Le sue fotografie, per la maggior parte inedite, costituiscono un’importante raccolta di immagini estremamente interessanti per i ricercatori e gli appassionati di storia e di fotografia. La loro freschezza, spontaneità e libertà fanno sì che esse si distinguano notevolmente dalle rigide pose dei fotografi professionisti del primo Novecento. Non sono quindi eseguite su commissione o per necessità economica, ma frutto della sua passione, e scattate per il piacere di poter fermare per sempre un attimo, una scena di vita, un particolare, un paesaggio, una luce.
Praticare la fotografia per passione non era un’attività comune all’epoca, ma era riservata solo a pochi privilegiati.

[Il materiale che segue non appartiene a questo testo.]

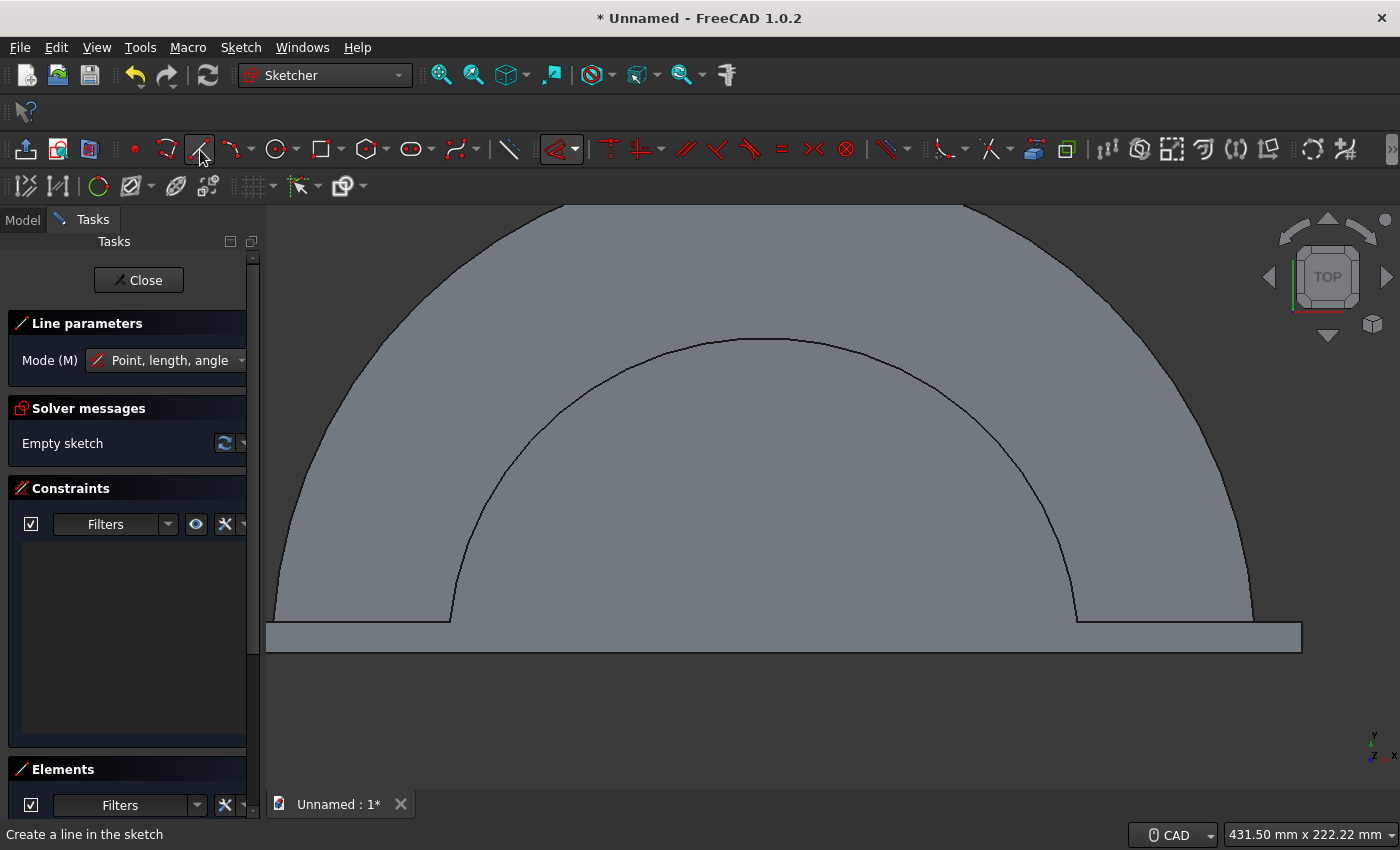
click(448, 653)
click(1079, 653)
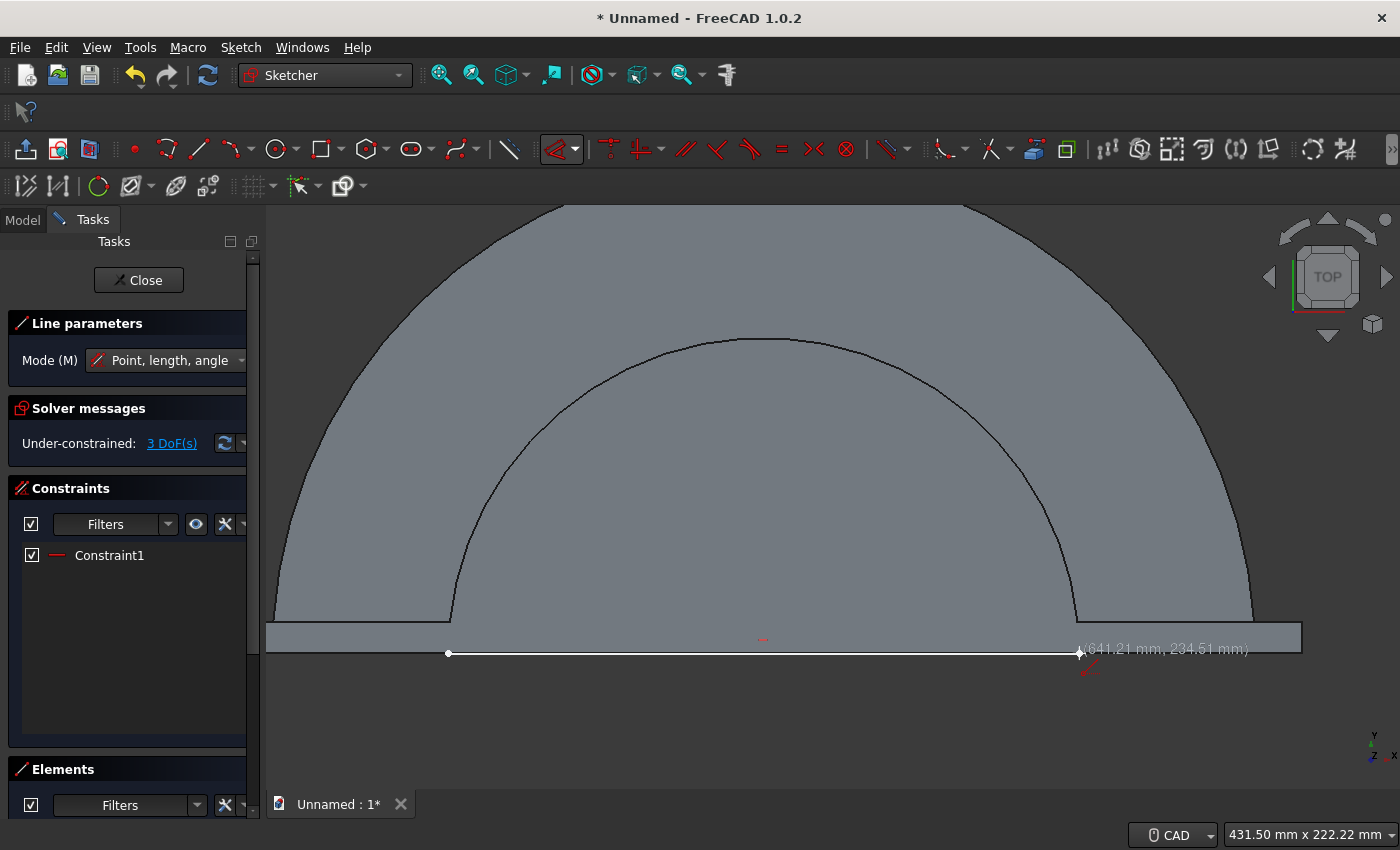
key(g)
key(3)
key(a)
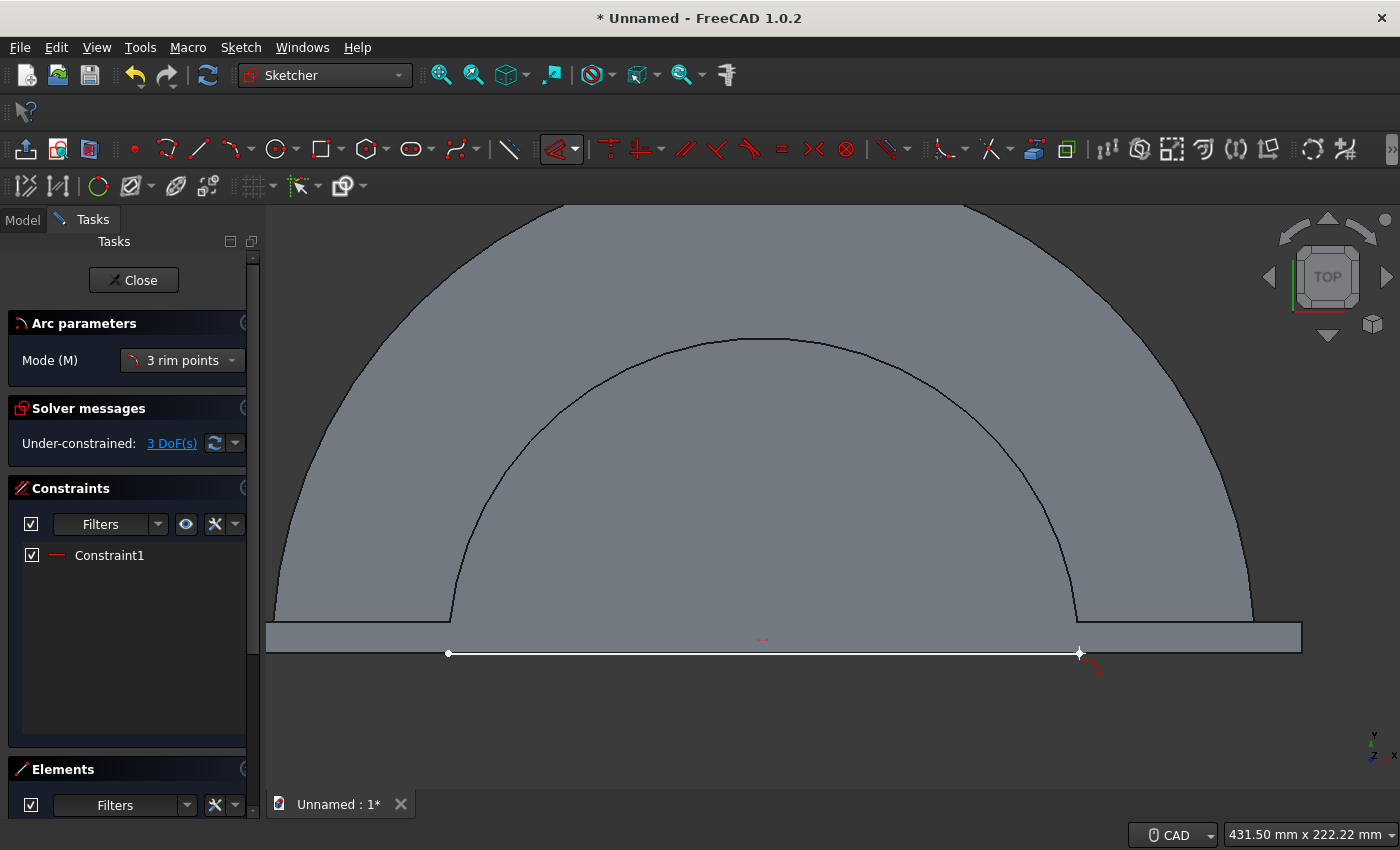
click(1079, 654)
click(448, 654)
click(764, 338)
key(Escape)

Uno dei più noti è il francese Jacques Henri Lartigue, contemporaneo di Celot Celotti, che si definì sempre pittore, ma che è oggi considerato uno dei più significativi fotografi del Novecento. Nato da una famiglia ricchissima, anche Lartigue fu rapito sin da bambino dalla possibilità di immortalare l’attimo prima che si dissolva. Anche lui ricevette in regalo a soli sette anni la sua prima macchina fotografica e sentì il bisogno di tenere (nel suo caso in maniera quasi ossessiva) dei diari nel tentativo di registrare ogni momento degno di essere fissato.
Per la dedizione con cui Vittorio Celot praticò questo hobby non lo si può considerare un dilettante, ma un amateur, ovvero amante e cultore, cioè colui che esercita un’attività non in maniera professionale, ma con tutta la serietà e la competenza proprie di una vera passione.
Attraverso la fotografia di Vittorio Celot Celotti, oltre ai paesaggi, alle scene di vita quotidiana della città e della campagna attorno, oltre alle fotografie scattate al fronte e a qualche ritratto, è documentata, quindi, anche una certa società borghese del primo Novecento, che si reca in villeggiatura in montagna, pratica piacevolmente lo sci in compagnia degli amici e si diletta in attività per interesse e divertimento.
La presente mostra offre al visitatore la riproduzione di una selezione di fotografie e di negativi del periodo che intercorre tra il 1911 e il 1921, sulle quali, per scelta del curatore delle immagini Arcangelo Piai, non sono state eliminate, dove presenti, le tracce lasciate dal tempo. Si potranno quindi intravvedere macchie, segni o altre imperfezioni, che testimoniano la loro storicità e autenticità.